- Task description: Each entry below is to be returned exactly, with any pictures left out.

━━ Data under study

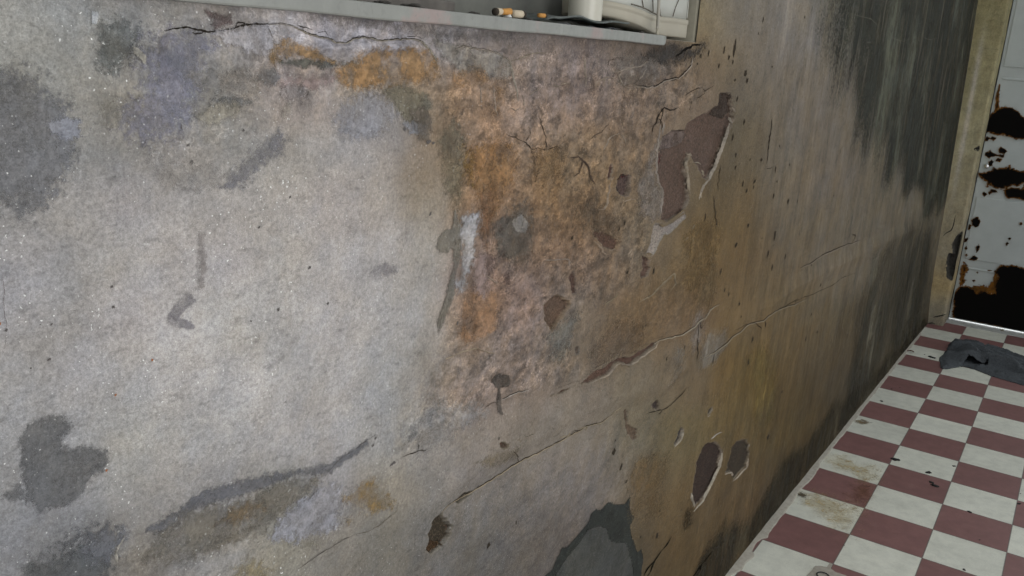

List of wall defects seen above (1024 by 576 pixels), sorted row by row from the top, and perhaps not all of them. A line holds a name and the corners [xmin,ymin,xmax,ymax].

crack [165,22,519,101]
corrosion [269,38,442,90]
crack [607,44,709,132]
crack [511,119,608,185]
spalling [594,70,749,302]
corrosion [978,84,1024,201]
damp [693,0,978,576]
corrosion [952,217,1024,331]
damp [3,415,108,512]
damp [142,439,368,563]
spalling [421,486,476,559]
spalling [689,432,752,511]
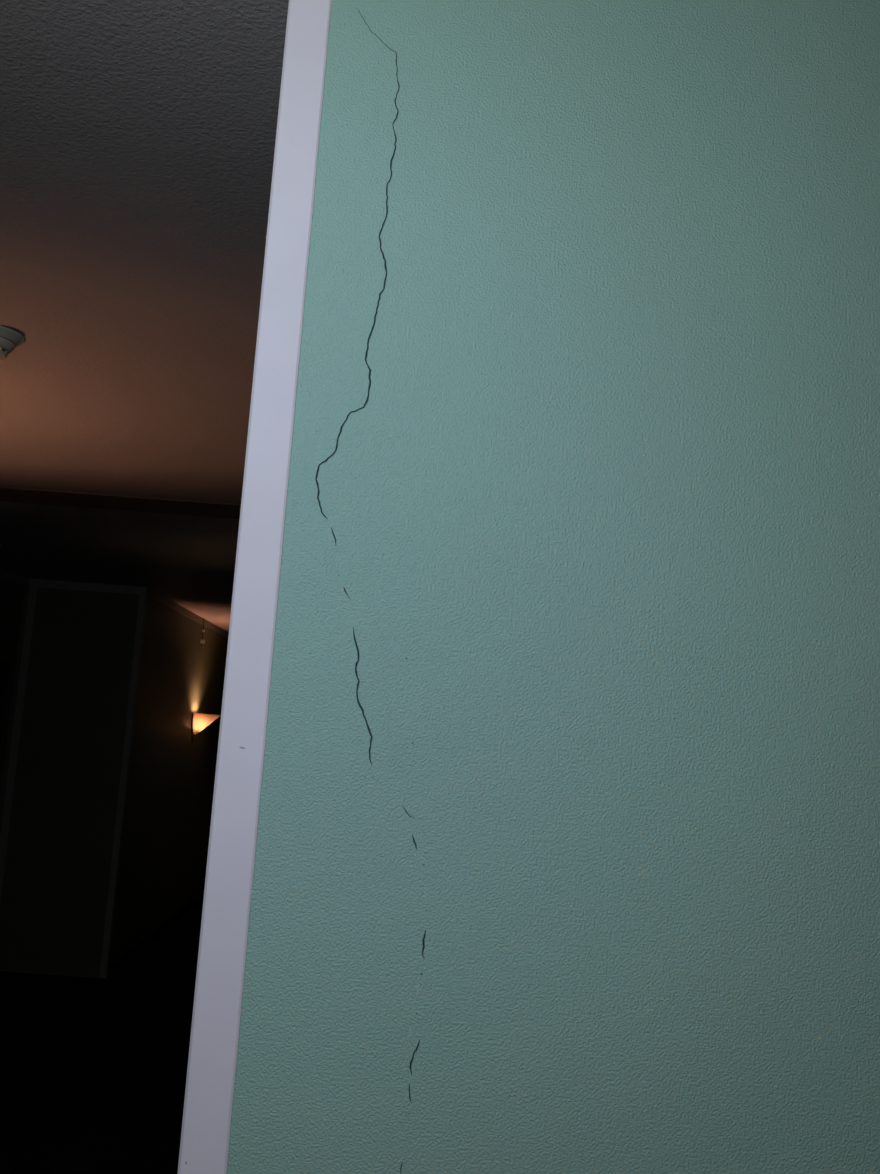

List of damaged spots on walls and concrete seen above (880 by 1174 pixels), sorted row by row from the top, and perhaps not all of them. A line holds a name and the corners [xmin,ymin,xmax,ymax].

━━━━

- Your response:
List of wall defects seen above (1024 by 576 pixels), sorted row by row from the top, and perhaps not all of them. A line holds a name and the corners [xmin,ymin,xmax,ymax].

crack [165,22,519,101]
corrosion [269,38,442,90]
crack [607,44,709,132]
crack [511,119,608,185]
spalling [594,70,749,302]
corrosion [978,84,1024,201]
damp [693,0,978,576]
corrosion [952,217,1024,331]
damp [3,415,108,512]
damp [142,439,368,563]
spalling [421,486,476,559]
spalling [689,432,752,511]

List of damaged spots on walls and concrete seen above (880 by 1174 pixels), sorted row by row from the top, and perhaps not all of them. A line holds a name and the corners [xmin,ymin,xmax,ymax].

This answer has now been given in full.